The second, and more exciting, use of Skype on eBay will be voice services. Ether already does this, although they have not publically launched yet. Pete, from Mashable, is the only person I've actually seen who uses it and has commented on his experience. Read his post here to get his thoughts. The general idea is that a seller sells his time rather than a tangible good. For example, I create a listing on eBay for technical support on Apple computers. I set my rate at $20/30-minute increment. Someone has a question about their iLife software. This person doesn't have the time or knowledge to peruse forums on the web to find and answer to their question, but they know they can jump on eBay and find someone to answer for a decent price. They search on eBay just like they do for goods and eventually find me. They see my rate and my excellent feedback from people whom I have helped and decide to call me.
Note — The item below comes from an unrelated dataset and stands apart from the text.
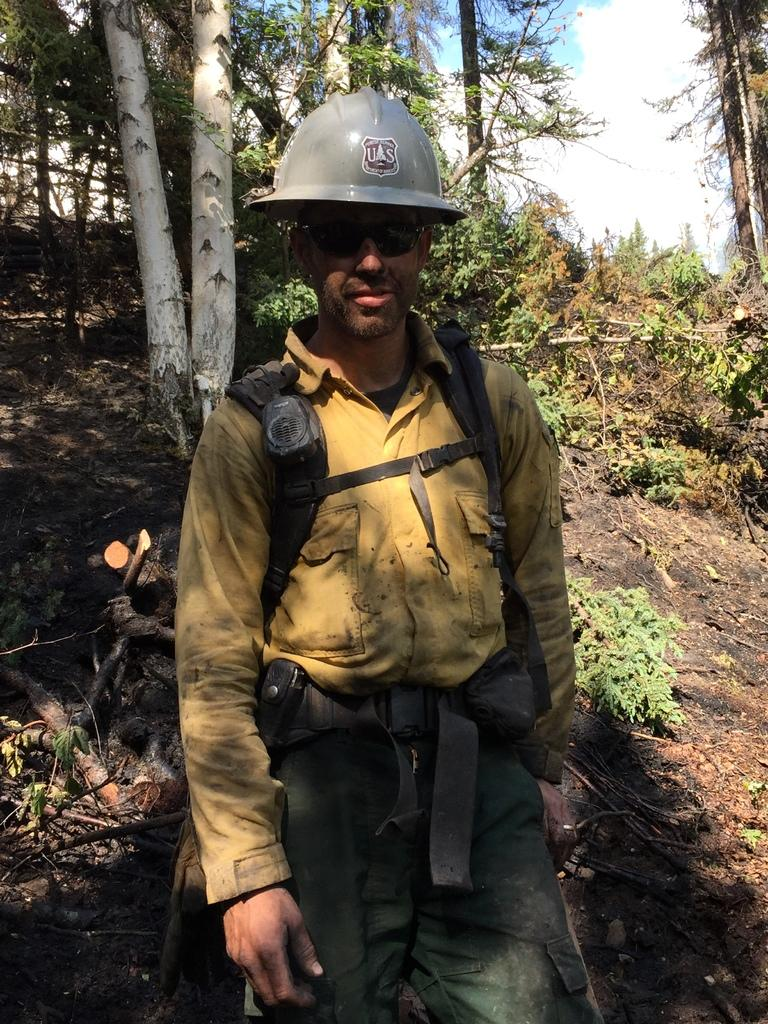Who is present in the image? There is a man in the image. What protective gear is the man wearing? The man is wearing a helmet and goggles. What is the man's position in the image? The man is standing on the ground. What type of vegetation can be seen in the image? There are plants and trees in the image. What is visible in the background of the image? The sky is visible in the background of the image. What can be observed in the sky? Clouds are present in the sky. What grade does the man receive for his comfort in the image? There is no grade given for the man's comfort in the image, as it does not involve any evaluation or assessment of comfort.

They call, through Skype, and I walk them through the solution to their problem. Once we have finished, $20 is sent to my PayPal account and I have another satisfied customer. The same use case scenario could be made for any number of services in which people interact and communicate. Tech support, business consulting (which is Pete's specialty), relationship advice, home repair advice, blogging advice, it could really be anything.
What happens when you're so successful that you can't possibly answer all of the calls you have? Why you just join forces with some of the other highly rated experts in your category or hire knowledgeable people like you would any other business. With Skype's real-time presence abilities, you can have a virtual call center of people ready to answer questions and help your customers. If you're not available, the buyer can see that and go to the next available expert. If that person takes the call, you give him a cut of the revenue and keep a bit for yourself for doing nothing but letting him use your good name and reputation. If eBay and Skype are smart, they will build group presence into Skype presence at some point to simplify this process for the users.
So now, you have just exposed your "business" to millions upon millions of potential customers and eBay has tapped into a whole new revenue stream, which investors really like to hear about. Because Skype's communications are encrypted, users can rest easy knowing private conversations won't be compromised. Can't guarantee that with a phone call, especially in light of the recent NSA fiasco. It's a win win situation for everyone. The question is when and will it happen?